Flight delays get a lot of attention. There’s also air traffic control which creates congestion – it isn’t just responsible for delays but also for longer flight times that get built into schedules. We don’t talk enough about that.
But built-in inefficiencies and time-wasters are something we don’t talk about at all. How is it possible that people are being told to show up at the airport 2.5 to 3 hours before their flight, and that isn’t considered a failure of massive proportions?
Showing up at the airport as early as airlines advise is costing the economy $79 billion a year. That’s a massive failure.
The lengthened times for showing up at the airport mean that it no longer even makes sense for many people to take shorter flights. The time it takes to get through security, make it through the airport, and board planes earlier and earlier is wasted time.
Instead of getting more efficient, we’re queuing more and wasting precious time. And that doesn’t even count the time spent waiting at baggage claim or busing to rideshare and rental car lots at the other end of the journey.
Air travel is supposed to be about making it from one place to another as quickly as possible.
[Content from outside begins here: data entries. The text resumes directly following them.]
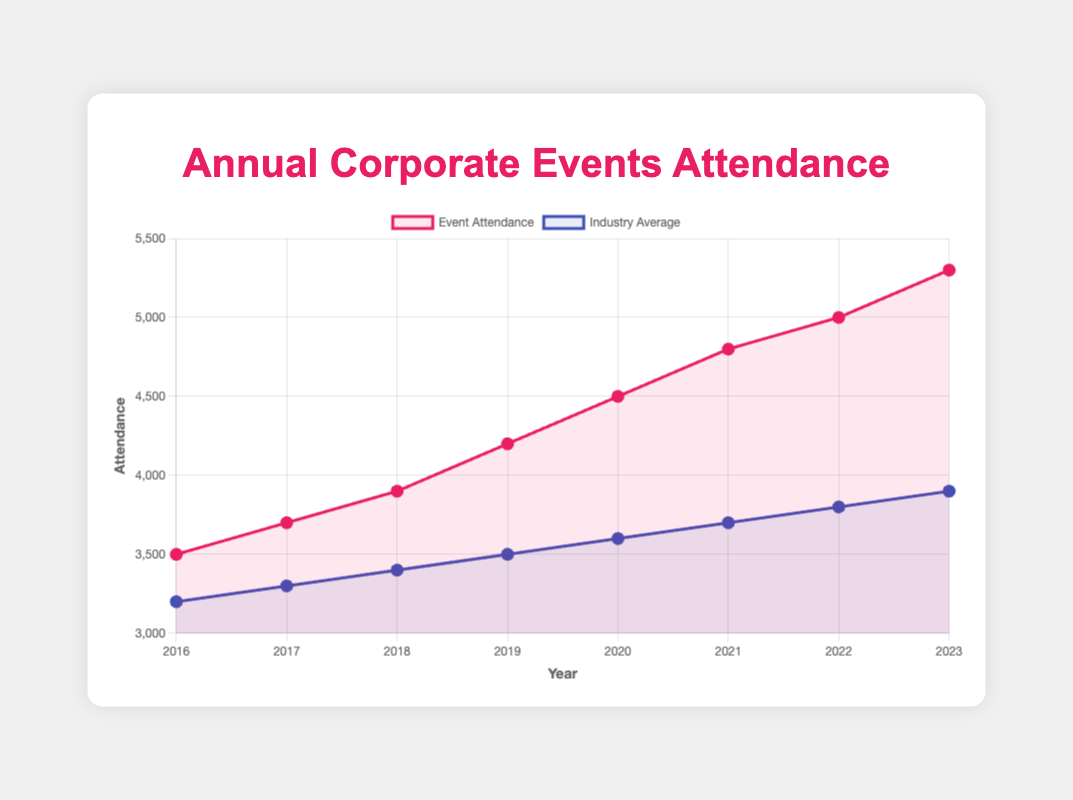How did the annual attendance compare to the industry average in 2023? In 2023, the event attendance was 5300, and the industry average attendance was 3900.
Answer: Annual attendance was higher than the industry average by 1400 What is the trend of event attendance from 2016 to 2023? By observing the line representing event attendance, we see a consistent upward trend from 3500 in 2016 to 5300 in 2023.
Answer: Upward trend Which year had the highest event attendance, and who was the headliner that year? The year with the highest attendance was 2023 with 5300 attendees, and the headliner was P!nk.
Answer: 2023, P!nk How does the event attendance in 2019 compare to the industry average that year? In 2019, the event attendance was 4200, and the industry average attendance was 3500.
Answer: Event attendance was higher by 700 Calculate the average attendance of the event from 2016 to 2023. Sum the attendance values from 2016 to 2023: 3500 + 3700 + 3900 + 4200 + 4500 + 4800 + 5000 + 5300 = 34900. Divide by the number of years (8): 34900/8 = 4362.5
Answer: 4362.5 In which year was the gap between event attendance and industry average smallest? The smallest gap is calculated by finding the difference between event attendance and industry average for each year: 3500-3200 = 300, 3700-3300 = 400, 3900-3400 = 500, 4200-3500 = 700, 4500-3600 = 900, 4800-3700 = 1100, 5000-3800 = 1200, 5300-3900 = 1400. The smallest difference is 300 in 2016.
Answer: 2016 What color represents the industry average line in the chart? The line representing the industry average is blue.
Answer: Blue How much did the attendance increase from 2020 to 2023 for P!nk's performances? Attendance in 2020 was 4500 and in 2023 it was 5300. The increase is 5300 - 4500 = 800.
Answer: 800 Which headliner saw the largest single-year increase in attendance from the previous year? Calculate the difference in attendance each year: 3700-3500 = 200, 3900-3700 = 200, 4200-3900 = 300, 4500-4200 = 300, 4800-4500 = 300, 5000-4800 = 200, 5300-5000 = 300. The largest increase is 300 in 2019 (Ariana Grande), 2020 (P!nk), and 2023 (P!nk).
Answer: Ariana Grande (2019), P!nk (2020), P!nk (2023) What is the percentage increase in attendance from 2016 to 2023? The attendance in 2016 was 3500 and in 2023 it was 5300. The increase is 5300 - 3500 = 1800. The percentage increase is (1800/3500) * 100 = ~51.43%.
Answer: ~51.43%

It seems as though we’ve forgotten this.
Making customers show up earlier, and board earlier is a way to force customers to accommodate failed systems and failed operations. It locks in a status quo of failure.
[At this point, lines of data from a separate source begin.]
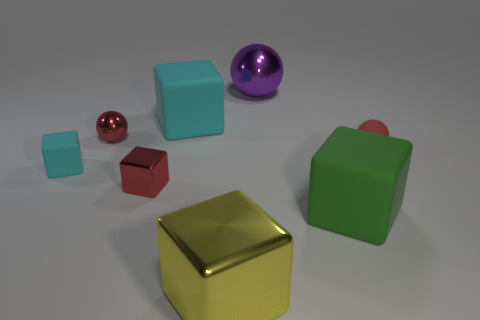There is a red metal object that is the same shape as the tiny red matte object; what is its size?
Offer a terse response. Small. Are there more red blocks right of the matte ball than rubber balls?
Ensure brevity in your answer.  No. Is the material of the tiny red sphere that is left of the rubber sphere the same as the yellow object?
Provide a succinct answer. Yes. There is a red sphere that is to the left of the large yellow block on the left side of the big shiny object that is behind the green rubber thing; how big is it?
Offer a very short reply. Small. There is a red ball that is made of the same material as the big green block; what size is it?
Ensure brevity in your answer.  Small. What color is the big cube that is on the left side of the green object and behind the yellow metallic block?
Provide a succinct answer. Cyan. Does the large metal thing that is to the left of the purple sphere have the same shape as the cyan matte thing that is to the left of the small red metal cube?
Offer a terse response. Yes. There is a object behind the large cyan object; what is its material?
Offer a very short reply. Metal. There is a shiny cube that is the same color as the tiny matte ball; what size is it?
Provide a short and direct response. Small. How many objects are either small spheres that are on the right side of the large green rubber thing or big green shiny balls?
Your response must be concise. 1. 
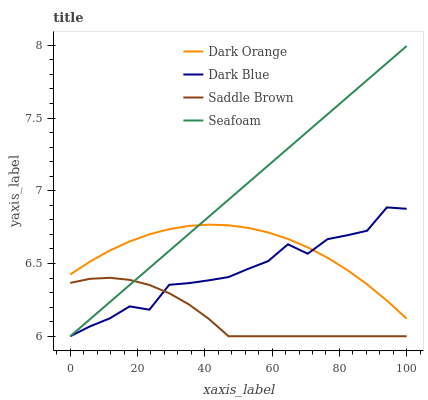Does Saddle Brown have the minimum area under the curve?
Answer yes or no. Yes. Does Seafoam have the maximum area under the curve?
Answer yes or no. Yes. Does Seafoam have the minimum area under the curve?
Answer yes or no. No. Does Saddle Brown have the maximum area under the curve?
Answer yes or no. No. Is Seafoam the smoothest?
Answer yes or no. Yes. Is Dark Blue the roughest?
Answer yes or no. Yes. Is Saddle Brown the smoothest?
Answer yes or no. No. Is Saddle Brown the roughest?
Answer yes or no. No. Does Seafoam have the lowest value?
Answer yes or no. Yes. Does Seafoam have the highest value?
Answer yes or no. Yes. Does Saddle Brown have the highest value?
Answer yes or no. No. Is Saddle Brown less than Dark Orange?
Answer yes or no. Yes. Is Dark Orange greater than Saddle Brown?
Answer yes or no. Yes. Does Seafoam intersect Saddle Brown?
Answer yes or no. Yes. Is Seafoam less than Saddle Brown?
Answer yes or no. No. Is Seafoam greater than Saddle Brown?
Answer yes or no. No. Does Saddle Brown intersect Dark Orange?
Answer yes or no. No. 
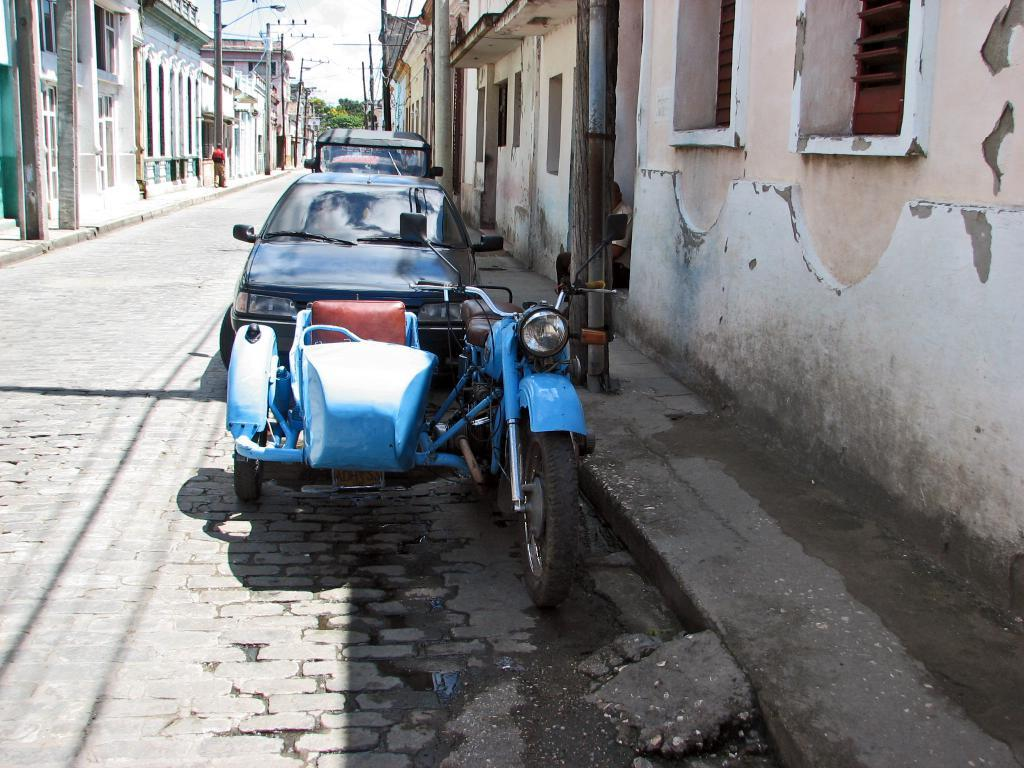What can be seen moving on the road in the image? There are vehicles on the road in the image. What type of structures are present in the image? There are buildings in the image. What type of natural elements can be seen in the image? There are trees in the image. What type of man-made objects are present in the image? There are poles in the image. What type of illumination is present in the image? There are lights in the image. What type of openings can be seen in the buildings in the image? There are windows in the image. Who or what is present in the image? There is a person in the image. What part of the natural environment is visible in the image? The sky is visible in the image. What type of news can be seen being delivered by the person in the image? There is no news being delivered in the image; the person is not holding any newspapers or electronic devices. What type of expression can be seen on the person's face in the image? The person's facial expression cannot be determined from the image. What type of yard is visible in the image? There is no yard visible in the image; the focus is on the road, buildings, and other structures. 
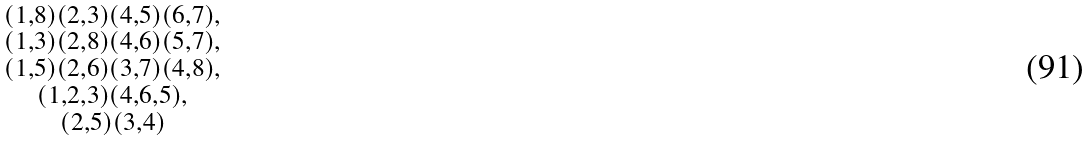Convert formula to latex. <formula><loc_0><loc_0><loc_500><loc_500>\begin{smallmatrix} ( 1 , 8 ) ( 2 , 3 ) ( 4 , 5 ) ( 6 , 7 ) , \\ ( 1 , 3 ) ( 2 , 8 ) ( 4 , 6 ) ( 5 , 7 ) , \\ ( 1 , 5 ) ( 2 , 6 ) ( 3 , 7 ) ( 4 , 8 ) , \\ ( 1 , 2 , 3 ) ( 4 , 6 , 5 ) , \\ ( 2 , 5 ) ( 3 , 4 ) \end{smallmatrix}</formula>

And by the way, when JSX began offering travel from private terminals where you show up just 20 minutes in advance even with checked bags, American Airlines and Southwest lobbied the government to block it instead of embracing what’s possible for customers.
More and smaller airports are needed. Streamlined security, that doesn’t wait for nationwide universal rollout, is needed. We need runways and taxiways and air traffic capacity to increase throughput without stacking delays. Most of all, we need to avoid complacency that accepts the status quo as given.
“Making customers show up earlier, and board earlier is a way to force customers to accommodate failed systems and failed operations”
No one is making anyone do anything. What the airlines suggest people do is different from what people are actually doing. And that’s what matters. Are there studies that indicate how early people are actually showing up to the airport?
When Clinton wanted to show he was “doing something” and his administration began to demand that everyone over 18 show IDs I pointed out that this would slow the check in process down. Previously with a car that was rented or airport parked everyone but the driver could get off at the terminal and go to the gate. Now, unless airports are well designed for this (most aren’t) the logical process is for everybody to take care of the car first and then to go the terminal. This crowds people at the end. It’s just another of several reasons why it was a very bad idea. It may have ended most black marketing in tickets, but that’s about it.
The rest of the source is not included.